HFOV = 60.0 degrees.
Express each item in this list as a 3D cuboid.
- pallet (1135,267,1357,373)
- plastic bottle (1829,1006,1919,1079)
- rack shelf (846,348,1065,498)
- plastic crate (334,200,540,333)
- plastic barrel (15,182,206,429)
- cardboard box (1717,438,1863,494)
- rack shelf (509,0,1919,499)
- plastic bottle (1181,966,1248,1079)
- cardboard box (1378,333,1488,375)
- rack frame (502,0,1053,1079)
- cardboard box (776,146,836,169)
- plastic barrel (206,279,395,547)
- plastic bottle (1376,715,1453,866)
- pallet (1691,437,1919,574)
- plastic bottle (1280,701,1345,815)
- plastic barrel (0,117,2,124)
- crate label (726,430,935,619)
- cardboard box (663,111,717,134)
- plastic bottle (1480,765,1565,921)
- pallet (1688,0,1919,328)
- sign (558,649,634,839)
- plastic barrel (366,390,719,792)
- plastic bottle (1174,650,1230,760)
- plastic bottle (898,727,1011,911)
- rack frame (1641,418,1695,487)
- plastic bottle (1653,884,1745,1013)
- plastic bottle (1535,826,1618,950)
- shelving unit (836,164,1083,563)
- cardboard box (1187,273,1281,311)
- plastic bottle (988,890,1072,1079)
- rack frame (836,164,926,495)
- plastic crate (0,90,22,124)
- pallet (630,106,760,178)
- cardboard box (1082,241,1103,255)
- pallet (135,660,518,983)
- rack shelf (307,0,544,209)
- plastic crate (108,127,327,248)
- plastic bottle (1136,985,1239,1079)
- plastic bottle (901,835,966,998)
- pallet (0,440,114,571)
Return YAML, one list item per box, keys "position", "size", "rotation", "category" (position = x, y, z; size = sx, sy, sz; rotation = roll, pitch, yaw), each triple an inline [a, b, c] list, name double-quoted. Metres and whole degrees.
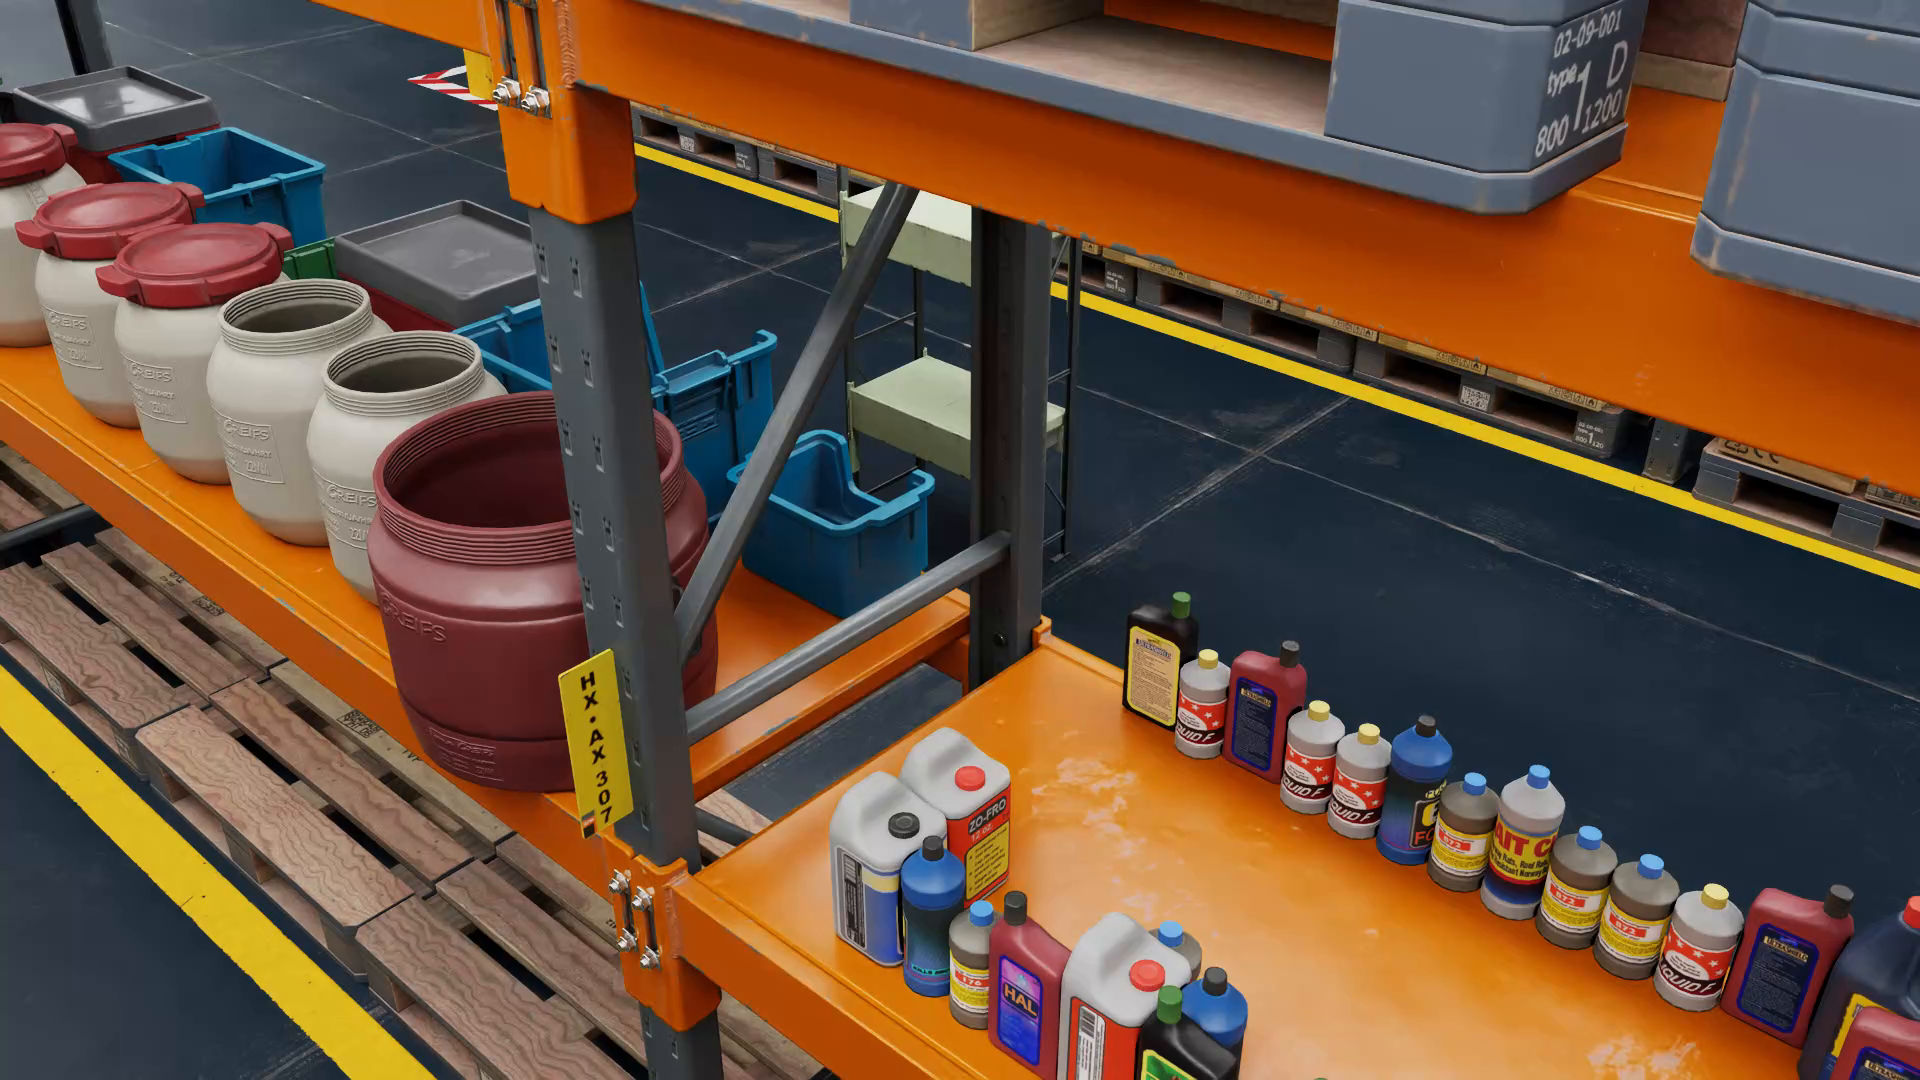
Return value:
- position: [1.630, -1.236, 8.099]
  size: [1.213, 0.211, 1.003]
  rotation: [25, 39, 35]
  category: "pallet"
- position: [1.262, 0.726, 2.249]
  size: [0.133, 0.283, 0.061]
  rotation: [25, 39, 35]
  category: "plastic bottle"
- position: [-0.005, -0.366, 6.035]
  size: [0.720, 0.370, 0.431]
  rotation: [25, 39, 35]
  category: "rack shelf"
- position: [-1.204, -0.519, 4.142]
  size: [0.583, 0.464, 0.402]
  rotation: [25, 39, 35]
  category: "plastic crate"
- position: [-2.071, -0.589, 4.189]
  size: [0.433, 0.535, 0.433]
  rotation: [0, 31, 0]
  category: "plastic barrel"
- position: [3.261, -0.559, 6.268]
  size: [0.500, 0.500, 0.500]
  rotation: [27, 40, 37]
  category: "cardboard box"
- position: [1.271, -0.100, 1.298]
  size: [4.000, 0.370, 1.077]
  rotation: [25, 39, 35]
  category: "rack shelf"
- position: [0.344, 0.700, 2.303]
  size: [0.097, 0.271, 0.097]
  rotation: [0, 31, 0]
  category: "plastic bottle"
- position: [2.177, -0.976, 7.222]
  size: [0.500, 0.250, 0.500]
  rotation: [25, 39, 35]
  category: "cardboard box"
- position: [-0.212, 0.184, 3.036]
  size: [0.127, 3.000, 1.000]
  rotation: [25, 39, 35]
  category: "rack frame"
- position: [-0.705, -2.349, 9.502]
  size: [0.500, 0.250, 0.500]
  rotation: [25, 39, 35]
  category: "cardboard box"
- position: [-1.430, -0.284, 3.705]
  size: [0.421, 0.512, 0.421]
  rotation: [0, 31, 0]
  category: "plastic barrel"
- position: [0.763, 0.410, 2.785]
  size: [0.097, 0.271, 0.097]
  rotation: [0, 31, 0]
  category: "plastic bottle"
- position: [3.643, -0.241, 6.446]
  size: [1.213, 0.211, 1.003]
  rotation: [25, 39, 35]
  category: "pallet"
- position: [0.619, 0.373, 2.915]
  size: [0.097, 0.201, 0.097]
  rotation: [0, 31, 0]
  category: "plastic bottle"
- position: [-3.094, -1.165, 4.791]
  size: [0.708, 0.901, 0.600]
  rotation: [25, 39, 35]
  category: "plastic barrel"
- position: [-0.273, -0.033, 3.559]
  size: [0.416, 0.233, 0.303]
  rotation: [25, 39, 35]
  category: "crate label"
- position: [-1.457, -2.689, 10.067]
  size: [0.500, 0.250, 0.500]
  rotation: [25, 39, 35]
  category: "cardboard box"
- position: [0.908, 0.478, 2.673]
  size: [0.097, 0.271, 0.097]
  rotation: [0, 31, 0]
  category: "plastic bottle"
- position: [1.264, -0.261, 1.050]
  size: [1.213, 0.211, 1.003]
  rotation: [25, 39, 35]
  category: "pallet"
- position: [-0.576, 0.327, 2.640]
  size: [0.005, 0.325, 0.100]
  rotation: [25, 39, 35]
  category: "sign"
- position: [-0.759, 0.081, 3.075]
  size: [0.708, 0.536, 0.600]
  rotation: [25, 39, 35]
  category: "plastic barrel"
- position: [0.448, 0.293, 3.047]
  size: [0.097, 0.201, 0.097]
  rotation: [0, 31, 0]
  category: "plastic bottle"
- position: [-0.006, 0.453, 2.710]
  size: [0.135, 0.276, 0.152]
  rotation: [25, 39, 35]
  category: "plastic bottle"
- position: [3.115, -1.709, 6.180]
  size: [0.127, 3.000, 1.000]
  rotation: [25, 39, 35]
  category: "rack frame"
- position: [1.124, 0.609, 2.523]
  size: [0.097, 0.201, 0.097]
  rotation: [0, 31, 0]
  category: "plastic bottle"
- position: [0.980, 0.541, 2.635]
  size: [0.097, 0.201, 0.097]
  rotation: [0, 31, 0]
  category: "plastic bottle"
- position: [-0.005, -0.645, 5.867]
  size: [0.755, 1.500, 0.431]
  rotation: [25, 39, 35]
  category: "shelving unit"
- position: [1.423, -1.329, 7.807]
  size: [0.500, 0.250, 0.500]
  rotation: [26, 40, 36]
  category: "cardboard box"
- position: [0.105, 0.639, 2.394]
  size: [0.133, 0.283, 0.061]
  rotation: [25, 39, 35]
  category: "plastic bottle"
- position: [-0.276, -0.772, 6.077]
  size: [0.023, 1.500, 0.400]
  rotation: [25, 39, 35]
  category: "rack frame"
- position: [-3.480, -1.403, 5.733]
  size: [0.504, 0.338, 0.767]
  rotation: [25, 39, 35]
  category: "plastic crate"
- position: [-1.321, -2.612, 10.384]
  size: [1.213, 0.211, 1.003]
  rotation: [25, 39, 35]
  category: "pallet"
- position: [0.660, -1.683, 8.396]
  size: [0.500, 0.250, 0.500]
  rotation: [26, 40, 36]
  category: "cardboard box"
- position: [-1.660, 0.674, 4.926]
  size: [1.213, 0.211, 1.003]
  rotation: [25, 39, 35]
  category: "pallet"
- position: [-1.695, -1.485, 3.597]
  size: [4.000, 0.370, 1.077]
  rotation: [25, 39, 35]
  category: "rack shelf"
- position: [-2.151, -0.930, 4.903]
  size: [0.575, 0.384, 0.392]
  rotation: [25, 39, 35]
  category: "plastic crate"
- position: [0.304, 0.732, 2.240]
  size: [0.133, 0.283, 0.061]
  rotation: [25, 39, 35]
  category: "plastic bottle"
- position: [-0.040, 0.563, 2.531]
  size: [0.097, 0.271, 0.097]
  rotation: [0, 31, 0]
  category: "plastic bottle"
- position: [-3.647, -0.254, 6.467]
  size: [1.213, 0.211, 1.003]
  rotation: [25, 39, 35]
  category: "pallet"

**Work instructions**
Above are some records; copy exactly the lines from the one with "- cardboard box (776,146,836,169)" through the one with "- rack shelf (307,0,544,209)", both included, and no others.

**Answer**
- cardboard box (776,146,836,169)
- plastic barrel (206,279,395,547)
- plastic bottle (1376,715,1453,866)
- pallet (1691,437,1919,574)
- plastic bottle (1280,701,1345,815)
- plastic barrel (0,117,2,124)
- crate label (726,430,935,619)
- cardboard box (663,111,717,134)
- plastic bottle (1480,765,1565,921)
- pallet (1688,0,1919,328)
- sign (558,649,634,839)
- plastic barrel (366,390,719,792)
- plastic bottle (1174,650,1230,760)
- plastic bottle (898,727,1011,911)
- rack frame (1641,418,1695,487)
- plastic bottle (1653,884,1745,1013)
- plastic bottle (1535,826,1618,950)
- shelving unit (836,164,1083,563)
- cardboard box (1187,273,1281,311)
- plastic bottle (988,890,1072,1079)
- rack frame (836,164,926,495)
- plastic crate (0,90,22,124)
- pallet (630,106,760,178)
- cardboard box (1082,241,1103,255)
- pallet (135,660,518,983)
- rack shelf (307,0,544,209)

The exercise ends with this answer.